6> Magpie is... I won't say "evil" because we saw it its downside during the "Gardens" game but I suspect it's going to stay popular. However we almost saw it backfire spectacularly. The first time it was on the table one of the players managed a string where he gained 3 of them during the same turn, bought a Magpie, then used Duplicate on it. One of the other players then congratulated him... then held up the Swamp Hag he'd forgotten she had in play. "Oh <curse word>, is that on Gain or on Buy?!?!?" was the frightened response. During the "Gardens" game, where Ferry & Inheritance were available, two of the four players put the Estate token on Magpie.
7> So, the Gardens game came out much closer than it looked during play. During play it looked like one particular player was running away with it, and it wasn't the player buying Gardens. By the Gardens player's admission (ahem, me) he made the mistake of buying too many Magpies too early - when he should have started scoring Treasure Troves earlier. So there was a point in the mid-game where Magpie kept revealing other Magpie but there weren't any Magpies left to gain, and he had too many turns with too few coins to buy anything useful. The deciding factor turned out to be... the Soldier. See, the Gardens player ended up with 7 Gardens (thanks primarily to Duplicate and Workbench), and 48 cards in the deck. The margin of victory turned out to be only 6 points, so two more cards in deck and that player would have won.

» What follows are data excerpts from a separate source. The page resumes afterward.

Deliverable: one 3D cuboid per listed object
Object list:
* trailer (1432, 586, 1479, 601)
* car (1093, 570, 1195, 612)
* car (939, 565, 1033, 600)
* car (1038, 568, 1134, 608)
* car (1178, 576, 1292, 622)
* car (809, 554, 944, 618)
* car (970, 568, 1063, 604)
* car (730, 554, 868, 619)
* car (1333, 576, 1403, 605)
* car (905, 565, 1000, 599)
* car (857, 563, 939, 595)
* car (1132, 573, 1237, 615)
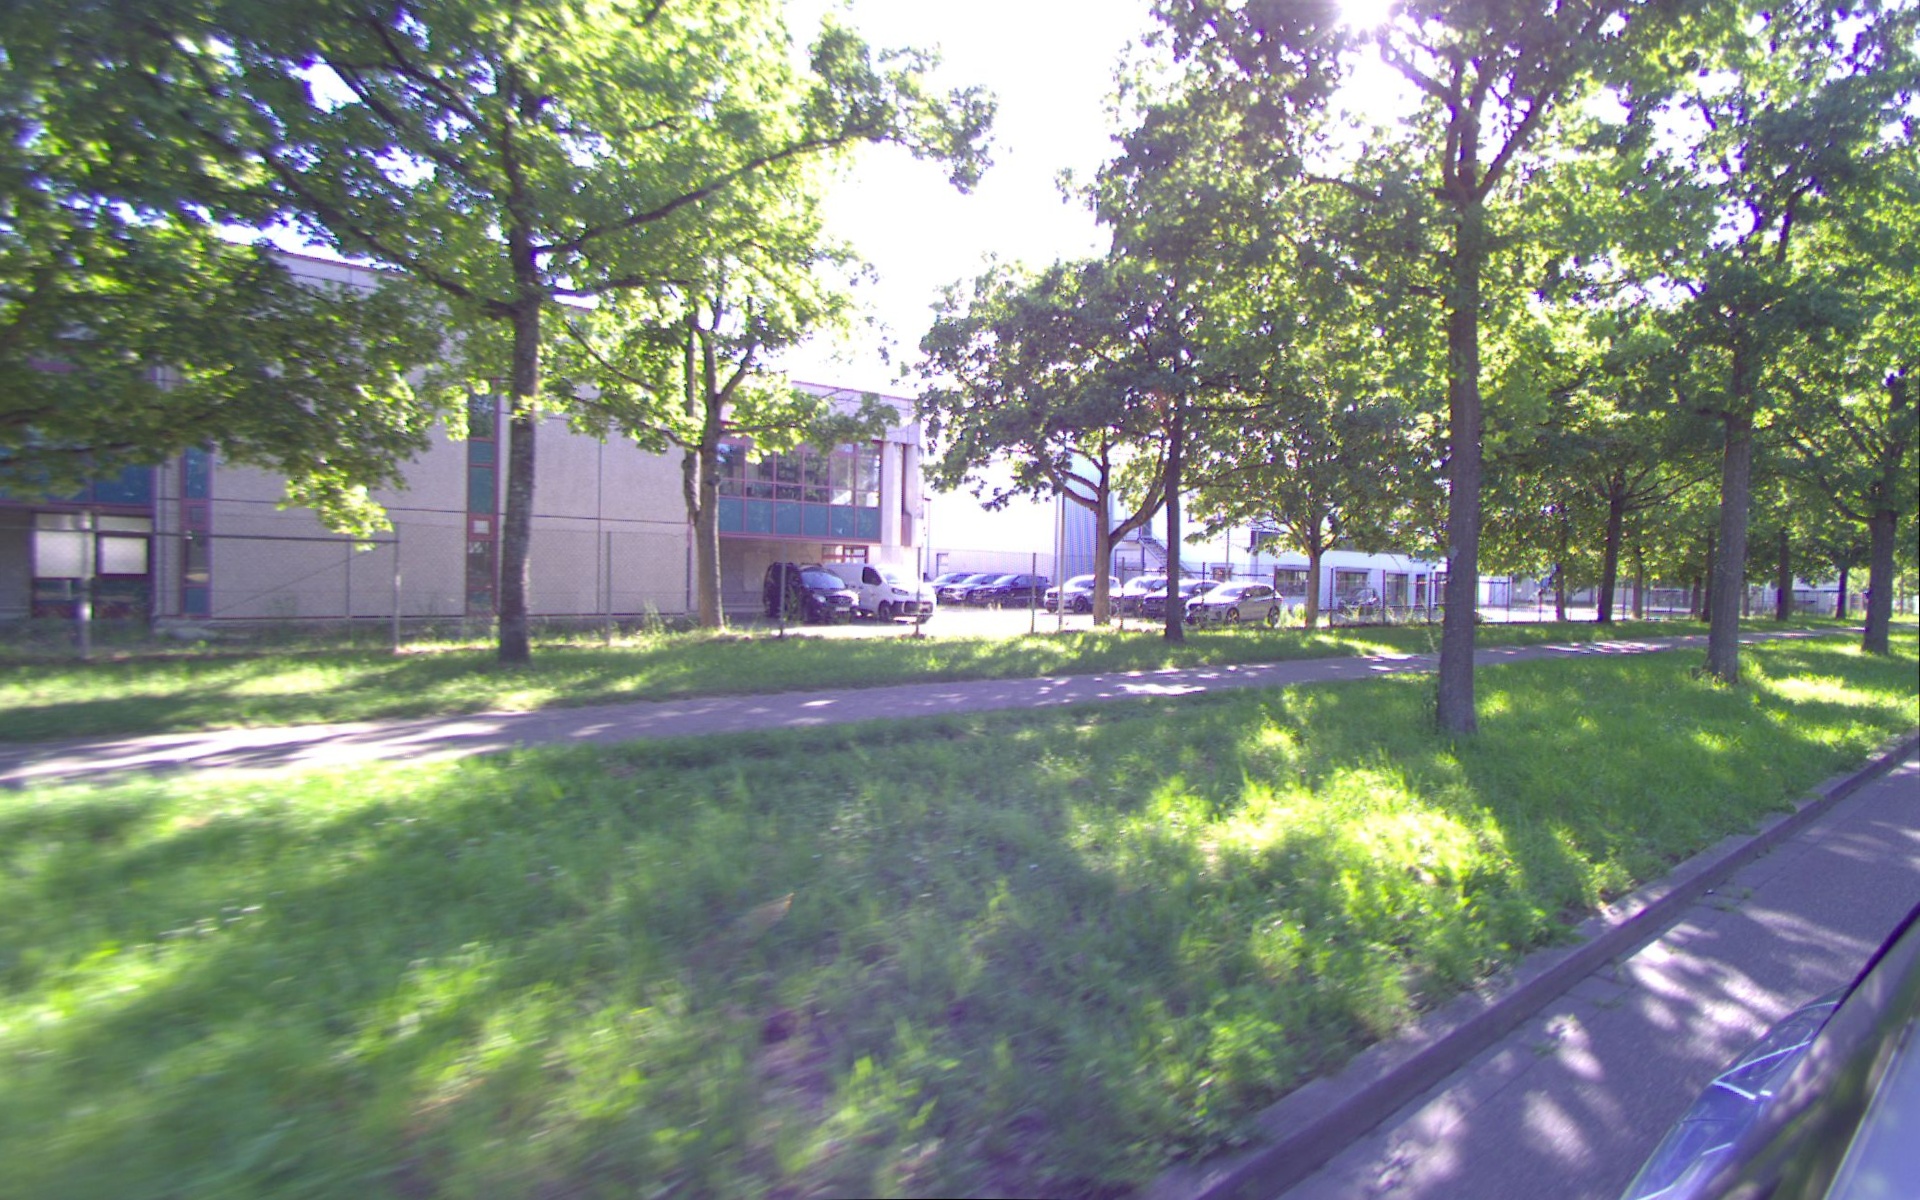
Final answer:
[{"bbox_3d":[44.607,-0.598,91.164,1.694,1.282,3.604,1,2,-22],"label":"trailer"},{"bbox_3d":[7.867,-0.389,43.074,4.379,1.694,1.997,0,2,-42],"label":"car"},{"bbox_3d":[1.334,-0.856,50.779,4.629,1.694,1.707,-1,0,-35],"label":"car"},{"bbox_3d":[5.659,-0.538,45.104,1.994,1.694,4.384,0,1,45],"label":"car"},{"bbox_3d":[10.580,-0.083,38.775,4.635,1.626,1.997,-1,3,-42],"label":"car"},{"bbox_3d":[-2.995,-0.550,35.180,1.864,1.983,5.068,0,3,-44],"label":"car"},{"bbox_3d":[2.730,-0.682,48.848,4.371,1.677,1.700,-1,0,-35],"label":"car"},{"bbox_3d":[-5.344,-0.497,33.081,1.967,1.907,4.952,0,2,-44],"label":"car"},{"bbox_3d":[22.397,-0.513,55.474,4.082,1.525,1.720,-1,0,-38],"label":"car"},{"bbox_3d":[-0.349,-0.919,52.649,4.879,1.694,1.742,-1,0,-37],"label":"car"},{"bbox_3d":[-3.419,-1.150,56.324,4.263,1.694,1.743,-1,0,-34],"label":"car"},{"bbox_3d":[9.163,-0.246,41.190,4.379,1.578,1.997,0,2,-42],"label":"car"}]

Of course, that player had twice been victimized by the Soldier's "trash it if the card is value 3 or 4" ability when, of course, the card was a Magpie. Oh, and I'd like to point out that game was 3 cards away from being ended due to 3 empty stacks when the final Province was bought.

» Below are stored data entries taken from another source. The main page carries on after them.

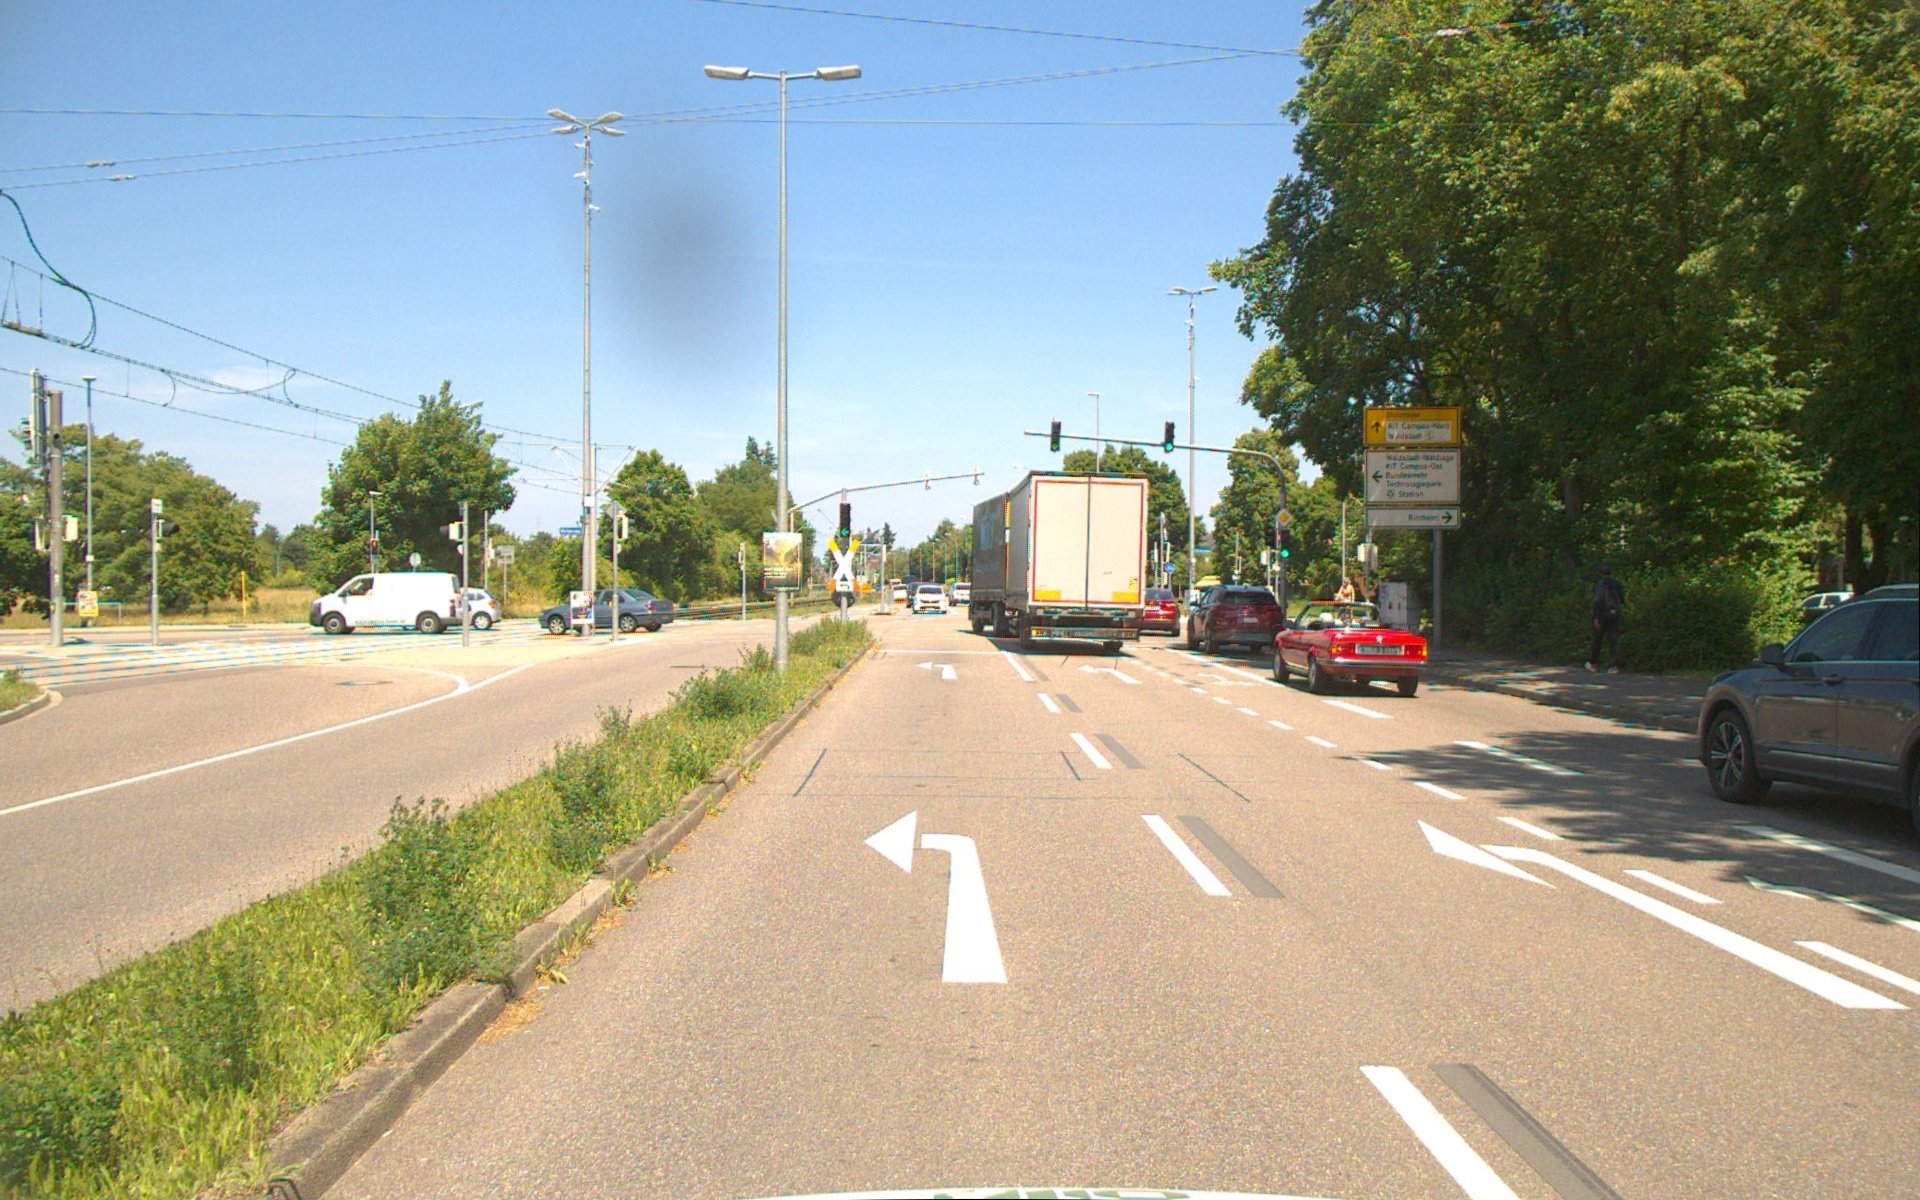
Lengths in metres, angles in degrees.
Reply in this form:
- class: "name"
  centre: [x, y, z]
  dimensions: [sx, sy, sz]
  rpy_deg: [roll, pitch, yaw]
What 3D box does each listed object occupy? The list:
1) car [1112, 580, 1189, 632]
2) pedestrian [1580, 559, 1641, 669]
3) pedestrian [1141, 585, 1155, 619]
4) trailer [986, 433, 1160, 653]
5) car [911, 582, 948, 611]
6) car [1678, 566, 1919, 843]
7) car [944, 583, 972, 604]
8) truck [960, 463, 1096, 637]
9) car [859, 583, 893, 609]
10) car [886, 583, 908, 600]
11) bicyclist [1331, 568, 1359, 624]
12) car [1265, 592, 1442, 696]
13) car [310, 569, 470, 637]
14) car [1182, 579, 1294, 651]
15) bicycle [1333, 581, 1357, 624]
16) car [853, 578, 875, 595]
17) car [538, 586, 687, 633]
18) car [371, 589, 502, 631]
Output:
- class: "car"
  centre: [5.969, 0.154, 52.288]
  dimensions: [1.952, 1.529, 4.503]
  rpy_deg: [0, 1, 1]
- class: "pedestrian"
  centre: [11.100, 0.228, 28.247]
  dimensions: [0.738, 1.847, 0.693]
  rpy_deg: [-1, 1, -2]
- class: "pedestrian"
  centre: [11.453, 0.146, 100.829]
  dimensions: [0.727, 2.049, 0.613]
  rpy_deg: [1, 0, 0]
- class: "trailer"
  centre: [2.418, -1.236, 38.676]
  dimensions: [2.771, 4.498, 8.742]
  rpy_deg: [1, 1, -4]
- class: "car"
  centre: [-1.583, -0.201, 85.231]
  dimensions: [1.821, 1.396, 4.155]
  rpy_deg: [1, 1, -2]
- class: "car"
  centre: [6.656, 0.640, 11.045]
  dimensions: [1.665, 1.683, 4.397]
  rpy_deg: [1, 1, -2]
- class: "car"
  centre: [-0.145, -0.470, 115.704]
  dimensions: [1.821, 1.396, 4.155]
  rpy_deg: [1, 1, -2]
- class: "truck"
  centre: [1.778, -1.396, 47.208]
  dimensions: [2.772, 4.419, 8.277]
  rpy_deg: [2, 1, -5]
- class: "car"
  centre: [-4.770, -0.226, 94.234]
  dimensions: [1.821, 1.396, 4.155]
  rpy_deg: [1, 1, -2]
- class: "car"
  centre: [-5.459, -0.784, 143.792]
  dimensions: [1.821, 1.396, 4.155]
  rpy_deg: [1, 1, -2]
- class: "bicyclist"
  centre: [12.469, -0.132, 53.542]
  dimensions: [0.785, 1.757, 0.679]
  rpy_deg: [-2, 0, 10]
- class: "car"
  centre: [6.077, 0.624, 26.030]
  dimensions: [1.621, 1.421, 4.266]
  rpy_deg: [1, 1, -2]
- class: "car"
  centre: [-18.670, 0.095, 54.339]
  dimensions: [4.642, 2.147, 1.997]
  rpy_deg: [0, 1, -7]
- class: "car"
  centre: [6.476, 0.313, 38.930]
  dimensions: [1.821, 1.576, 3.886]
  rpy_deg: [1, 1, -2]
- class: "bicycle"
  centre: [12.483, 0.077, 53.603]
  dimensions: [0.630, 1.327, 1.627]
  rpy_deg: [-2, 0, 10]
- class: "car"
  centre: [-8.385, -1.203, 144.548]
  dimensions: [1.821, 1.396, 4.155]
  rpy_deg: [1, 1, -2]
- class: "car"
  centre: [-11.173, 0.288, 53.277]
  dimensions: [4.322, 1.395, 1.900]
  rpy_deg: [1, 1, 17]
- class: "car"
  centre: [-18.563, 0.335, 58.649]
  dimensions: [4.353, 1.395, 1.887]
  rpy_deg: [0, 1, -22]

8> The Save event turned out to be a better card than I might have thought. I'm not calling it the most powerful or best event but it went from "meh, nice enough I guess" to "hey, I just bought a Province thanks to that Gold I set aside last turn after getting just a Gold & Copper for treasures that turn" and "hey, I just got away with double-drawing terminal actions and it wasn't a waste". It had us wanting to try Gear's similar mechanic again (and yes, I read here and saw it was optional before we played).
9> One of our players tends to be more aggressive than the others - her favorite card is Thief, to the point her dad (one of the other players) does everything but disallow it
. She kept going back and forth about whether or not she likes the token penalties - they hurt just as bad and sometimes worse than the others (I think Swamp Hag is now her 2nd favorite card) but kept complaining that they don't stack - if the -1 card token is already on the deck, there's no power to a second one.